En 1952, Fellini réalise Courrier du Cœur / le Scheik blanc (lo Sceicco bianco), une satire décapante du milieu du roman-photo, univers qu'il connaît bien pour y avoir travaillé autrefois, puis les Vitelloni (i Vitelloni, 1953), chronique à la fois tendre et amère d’un groupe de jeunes provinciaux désœuvrés.

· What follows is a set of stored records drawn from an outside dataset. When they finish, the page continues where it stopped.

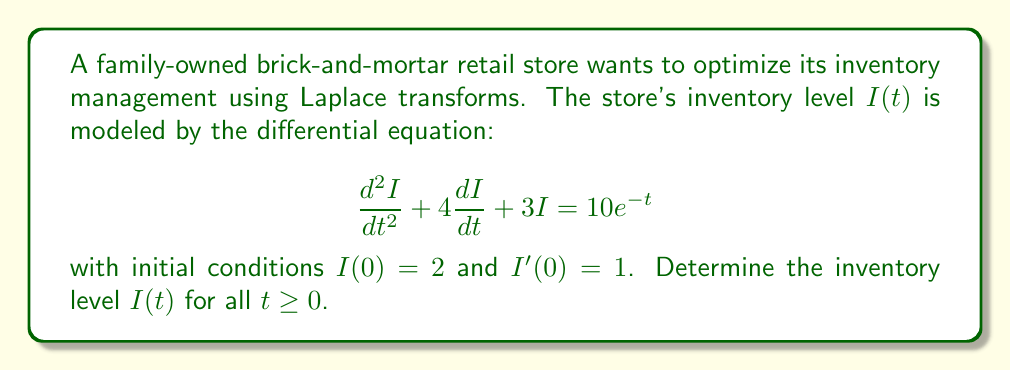What is the answer to this math problem? Let's solve this problem step-by-step using Laplace transforms:

1) Take the Laplace transform of both sides of the equation:
   $$\mathcal{L}\{I''(t) + 4I'(t) + 3I(t)\} = \mathcal{L}\{10e^{-t}\}$$

2) Using Laplace transform properties:
   $$[s^2\mathcal{L}\{I(t)\} - sI(0) - I'(0)] + 4[s\mathcal{L}\{I(t)\} - I(0)] + 3\mathcal{L}\{I(t)\} = \frac{10}{s+1}$$

3) Let $\mathcal{L}\{I(t)\} = Y(s)$. Substituting the initial conditions:
   $$s^2Y(s) - 2s - 1 + 4sY(s) - 8 + 3Y(s) = \frac{10}{s+1}$$

4) Simplify:
   $$(s^2 + 4s + 3)Y(s) = \frac{10}{s+1} + 2s + 9$$

5) Solve for $Y(s)$:
   $$Y(s) = \frac{10}{(s+1)(s^2 + 4s + 3)} + \frac{2s + 9}{s^2 + 4s + 3}$$

6) Decompose into partial fractions:
   $$Y(s) = \frac{A}{s+1} + \frac{Bs + C}{s^2 + 4s + 3}$$

   Where $A = 2$, $B = 0$, and $C = 3$

7) Therefore:
   $$Y(s) = \frac{2}{s+1} + \frac{3}{s^2 + 4s + 3}$$

8) Take the inverse Laplace transform:
   $$I(t) = 2e^{-t} + 3e^{-2t}$$

This is the solution for the inventory level $I(t)$ for all $t \geq 0$.
Answer: $I(t) = 2e^{-t} + 3e^{-2t}$ 
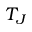Convert formula to latex. <formula><loc_0><loc_0><loc_500><loc_500>T _ { J }</formula>

Il collabore ensuite à un film collectif, l'Amour à la ville (l'Amore in città, 1953) avec le sketch Un’agenzia matrimoniale) qui entérine son éloignement du néoréalisme vers un univers ludique et onirique, ce que confirme son mélodrame populaire, la Strada (1954), fable poétique et cruelle qui révèle au monde le talent de Giulietta Masina et assure une gloire internationale à son auteur. Après un film caustique sur une bande d'escrocs déguisés en prêtres, il Bidone (1955), il écrit avec Ennio Flaiano et Pier Paolo Pasolini les Nuits de Cabiria (le Notte di Cabiria, 1957), chronique déchirante où Giulietta Masina incarne une prostituée pathétique. Ce film semble marquer un retour vers la doctrine du néoréalisme, bien qu’il demeure très personnel dans sa forme. Après trois années de silence, Fellini obtient la palme d'or au festival de Cannes avec la Dolce Vita (1960), une dérive poétique, sans concessions ni complaisance, dans le milieu de la grande bourgeoisie romaine, à la fois riche et désœuvrée.